Por una parte, existe la motivación intrínseca o, dicho de otro modo, la motivación interna, lo que nos mueve cada día, lo que hace que nos levantemos cada mañana, nuestra razón de ser. Esta motivación nos estimula y se mueve en nuestro interior.

  • Su primer ingrediente no es otro que el sentido que le encontramos a la realización de una tarea o un trabajo desde un punto de vista puramente profesional. El problema es que la mayor parte de las personas no sabe qué es lo que realmente las motiva. Es la razón por la que responden que “no” de forma masiva a la primera pregunta. Malas noticias para estas personas: lo más importante no es tanto qué hacemos, sino por qué lo hacemos. A este respecto, la famosa historia del conserje de la NASA es un buen ejemplo. En una visita al centro de esta institución, el presidente Kennedy le preguntó a un conserje cuál era su cometido en la NASA. Este simplemente le respondió: “Estoy aquí para ayudar a enviar al primer hombre a la Luna”. Esta historia es la ilustración por excelencia de la implicación en una misión común que va más allá de una simple tarea.

  • El segundo ingrediente de la motivación intrínseca, que es optativo, aunque fuertemente recomendable, es el placer. Cuando lo sentimos, llegamos al nirvana de la motivación. El tiempo se detiene y nos sentimos en “nuestro lugar”. Un estado extático que, en realidad, está íntimamente ligado a las personas que nos rodean. En el trabajo, no hay nada como un entorno en el que nuestros compañeros son también nuestros amigos, con quienes podemos pasar el tiempo fuera de la oficina. Esta tribu es la que hace que tengamos ganas de volver al trabajo al día siguiente. Es lo que hace que seamos capaces de motivarnos por nuestra cuenta, pues el entorno es propicio para la automotivación.

Por otra parte, está la motivación extrínseca, que se encuentra en el extremo opuesto de la interna, y que deja espacio a elementos externos como:

  • La recompensa, que se materializa con la nota de un examen o la remuneración económica por un trabajo, o dicho de otra forma: la zanahoria que nos ponen delante. Para la mayoría de personas, la motivación en el ámbito profesional va ligada a estos factores externos, pues antes que nada, hay que pagar las facturas.
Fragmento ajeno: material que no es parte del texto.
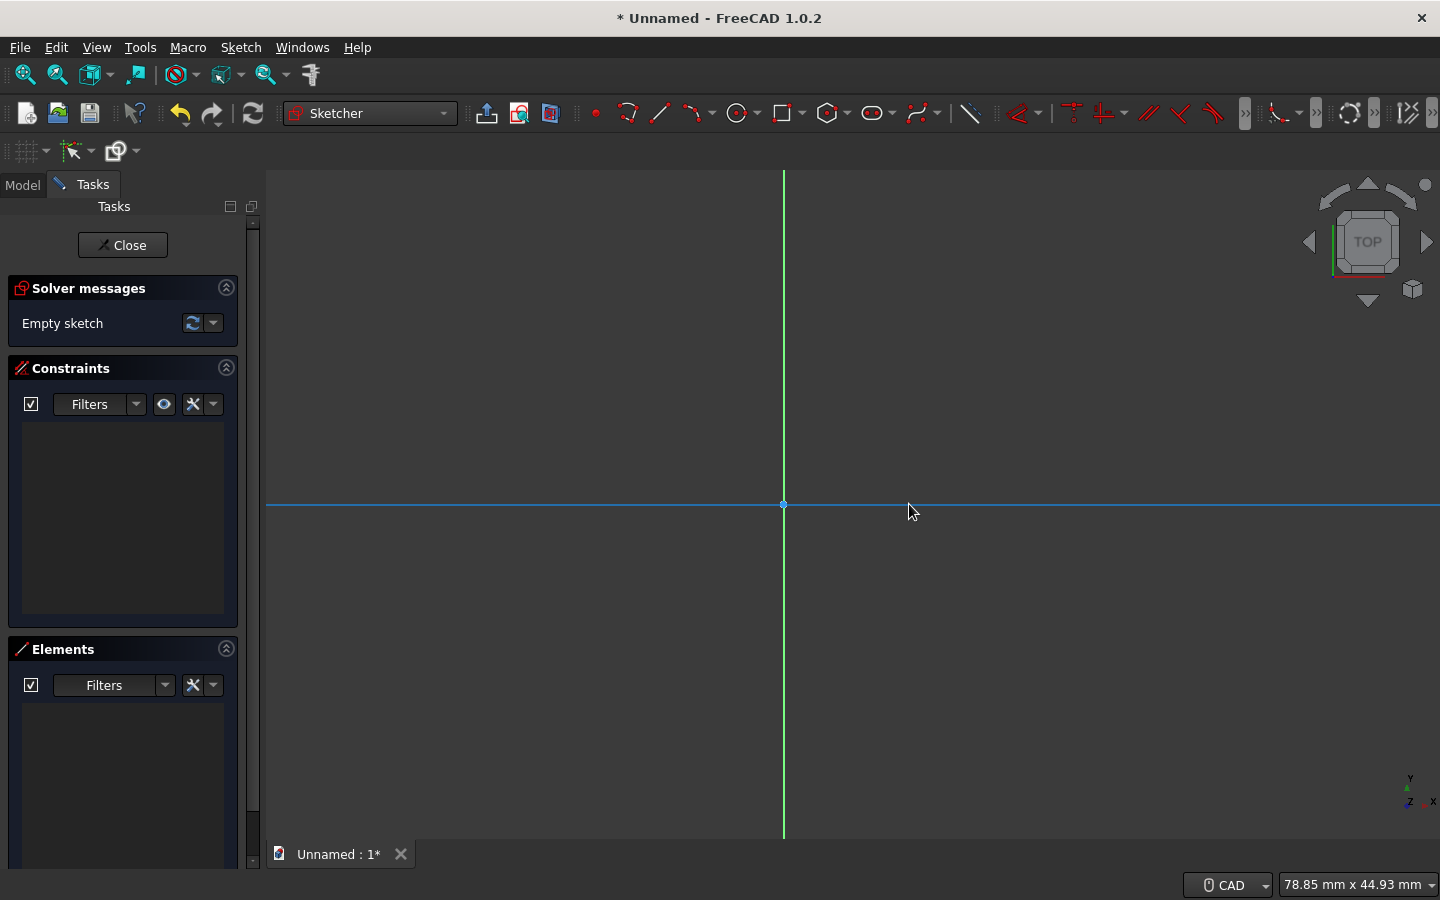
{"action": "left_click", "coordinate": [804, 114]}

Una motivación poco cualitativa que les obliga a vivir esperando el viernes (uf, una enésima semana que termina) y a estar tristes el domingo (con la ansiedad que les genera la idea de tener que volver). Lo mismo les sucede a mis estudiantes: están aquellos que vienen para aprender y, quién sabe, por el placer de estudiar, y aquellos que piensan, por encima de todo, en su nota. La mala noticia es que corren el riesgo de ser infelices toda su vida, ya que la motivación vinculada a las recompensas siempre es, por naturaleza, efímera. Es lo que demostró Roland Paulsen con sus estudios sobre la lotería. Descubrió que el 70 % de las personas que habían ganado el primer premio seguían trabajando sin necesidad de hacerlo.

  • El otro ingrediente de la motivación extrínseca es el ego. Es lo que hace que vayamos a esa reunión que nos aburre tanto y que en el fondo nos es útil solamente para no quedar mal porque el jefazo va a estar presente.

Cuando combinamos ego y recompensa, tenemos el resultado perfecto para llegar directamente al burnout, pues se trata en realidad de una motivación de pésima calidad. Por el contrario, cuando aunamos sentido y placer, entramos en una zona de rendimiento superior. ¡Enviamos la primera persona a la Luna!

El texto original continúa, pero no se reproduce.